WU Wei-xia1,2, ZHANG Yi-ming1, HE Zong-bin2, HUANG Jing-wen2, SHEN Hai-yan1   

  1. 1. Zhujiang Hospital, Southern Medical University, Guangzhou 510282, China;
    2. School of Nursing, Southern Medical University, Guangzhou 510515, China
  • Received:2021-10-10 Online:2022-02-25 Published:2022-04-01

Abstract: Objective To To investigate the risk factors of discharge of patients with indwelled double J tubes after upper urinary tract calculi operation, and establish a logistic regression prediction model. Methods A total of 435patients with indwelled double J tubes after upper urinary tract calculi operation in a hospital in Guangzhou from January to December in2020 were selected. The patients were divided into positive group with ureteral stent-related symptoms (n=207) and negative group without symptoms (n=228) and the clinical indicators of the both group were compared. Logistic regression analysis was used to establish a risk prediction model for discharged patients with indwelled double J tubes after upper urinary tract calculus surgery, and the prediction effect of the model was verified by ROC curve.

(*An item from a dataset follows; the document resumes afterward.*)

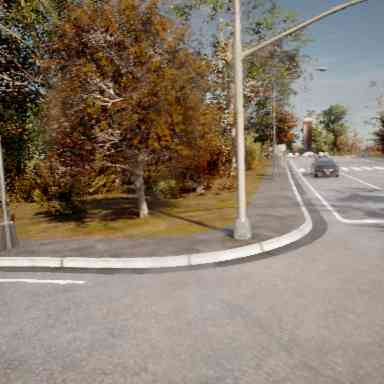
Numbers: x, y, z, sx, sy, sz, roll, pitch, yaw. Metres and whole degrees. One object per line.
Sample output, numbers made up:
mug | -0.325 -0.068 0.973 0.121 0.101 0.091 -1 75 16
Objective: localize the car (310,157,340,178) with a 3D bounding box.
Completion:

Results Five independent risk factors including daily water intake, hypertension, diabetes, pre-operative urinary leukocyte numbers and stone residue were identified according to the stepwise regression analysis. We also constructed a risk prediction model base on five factors. The AUC of this model was 0.906, and when the critical value was -0.17, the sensitivity and the specificity were 0.842 and 0.832, respectively. Conclusion With good predictive effect, the prediction model constructed in the study has clinical application value and provides reference to predict the discharge risk of patients with indwelled double J tubes after upper urinary tract calculus surgery.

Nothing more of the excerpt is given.